There’s a perception that corporate privacy executives mostly like to tell business leaders “no”. Is that culture changing? MN:
A lot of my peers are very old school. They’re focused on risk avoidance and risk transference. Their response to a new idea is, “That sounds scary to me. I don’t want anything to do with it.”
The only way to change that attitude is through collaboration and lots of communication. It takes time, but you can do it pretty easily if you really want to. A lot of companies in the Fortune 500 have changed their cultures very successfully. People are starting to catch on. It’s not so scary or so revolutionary anymore.
There’s an emerging privacy mandate that’s driving people to work more closely. I work with our privacy officer, legal counsel, and information security professionals, and then also business, IT, and operations folks. When you get all these people working together, creativity will come out of it.
For example, we’re having a lot of conversations about privacy by design: making privacy not only a compliance feature, but a customizable benefit. We talk about offering customers privacy by product and even by feature.

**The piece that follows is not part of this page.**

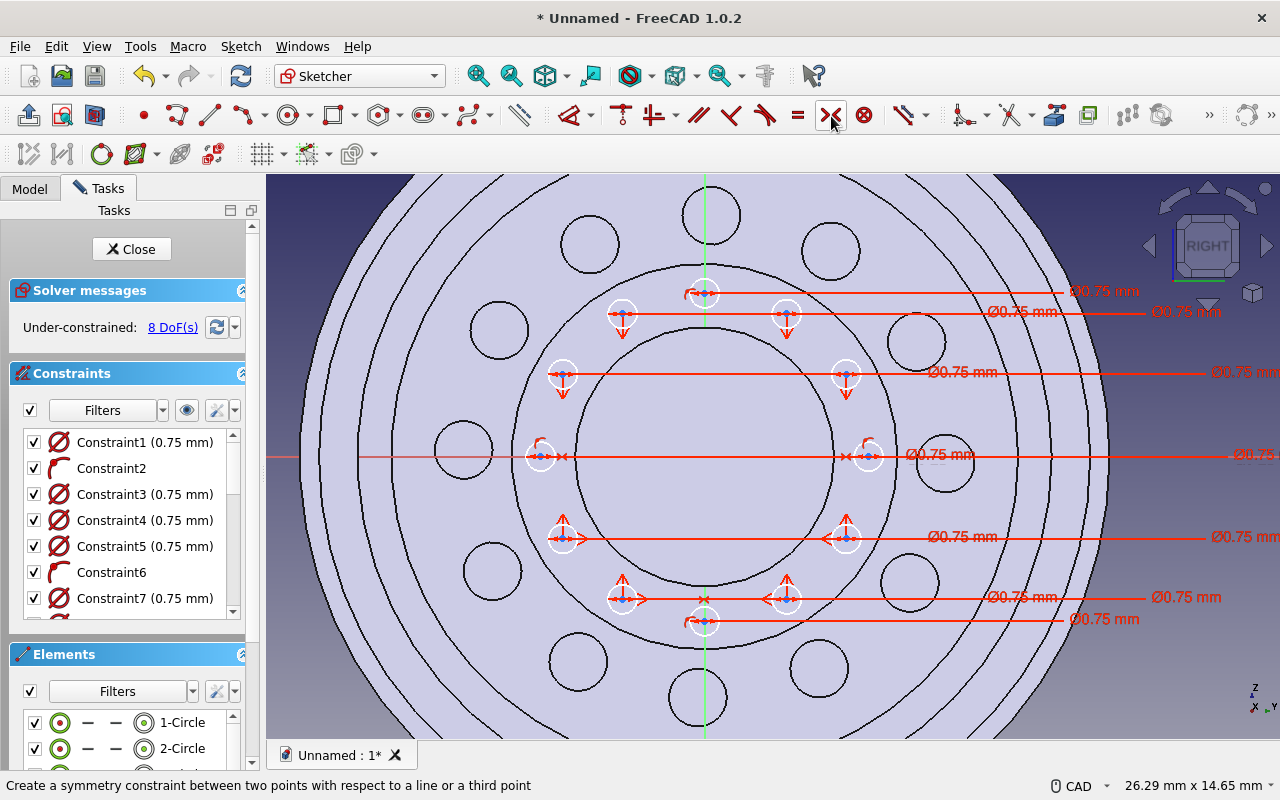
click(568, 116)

I work hard to build relationships with colleagues on the business side, so my team and I can get plugged in early on. There are a lot of solutions out there, and it’s very, very rare that we can’t come up with something that actually makes sense. But it’s a lot easier to do it up front than to come in at the eleventh hour when a product is ready to roll out but hasn’t been vetted properly.

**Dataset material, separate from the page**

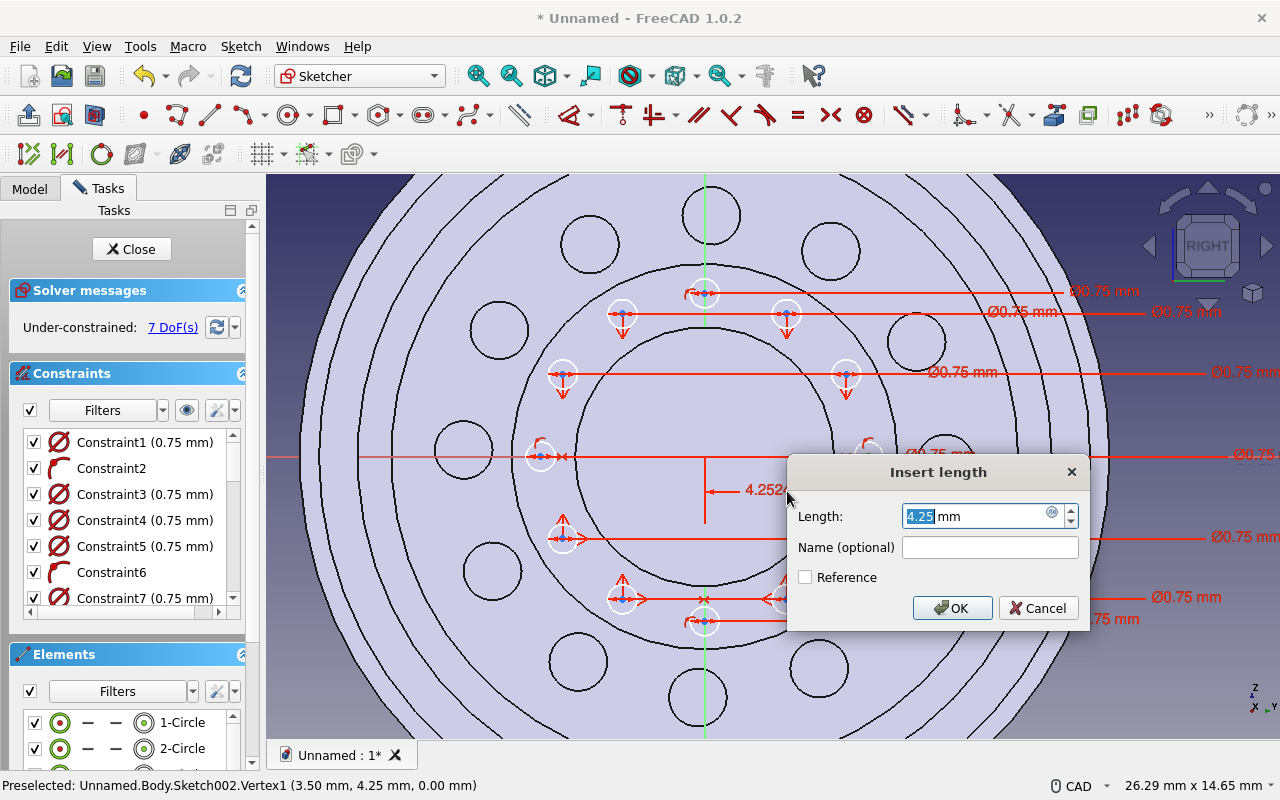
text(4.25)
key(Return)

Where do you see opportunities for innovation related to privacy? DH:
Some of my clients are starting to come up with really innovative solutions related to searching [for] and extracting user information. In the next three years, I can guarantee there’ll be some innovation to actually sell a privacy solution as a product. You’ll see very tangible business value from the privacy field.
It’s going to be interesting to see some of the ways blockchain is adapted for privacy. There are also interesting conversations happening about user names and passwords being an antiquated form of protecting your privacy.
Along with changes in technology, there are definitely going to be dilemmas. The companies that figure out how to solve some of those issues will continue to thrive. Take artificial intelligence and machine learning. On the one hand, from a pure privacy-regulatory standpoint, you should only hold and capture the least amount of data that you really need for the purposes for which you need to process it.
But in order to build AI models and make them more valuable and accurate, more data is better. That’s the sort of issue that’s going to come up increasingly often. People like us get to help figure out how we solve that to address both the business needs and the needs of our customers.
In addition to the issues addressed above, all three of our experts agree that it’s highly likely that Congress will pass a federal data privacy law at some point. In an ideal world, they say, the legislation would incorporate existing best practices, meaning companies that are up to date on protecting consumer data would have little to fear.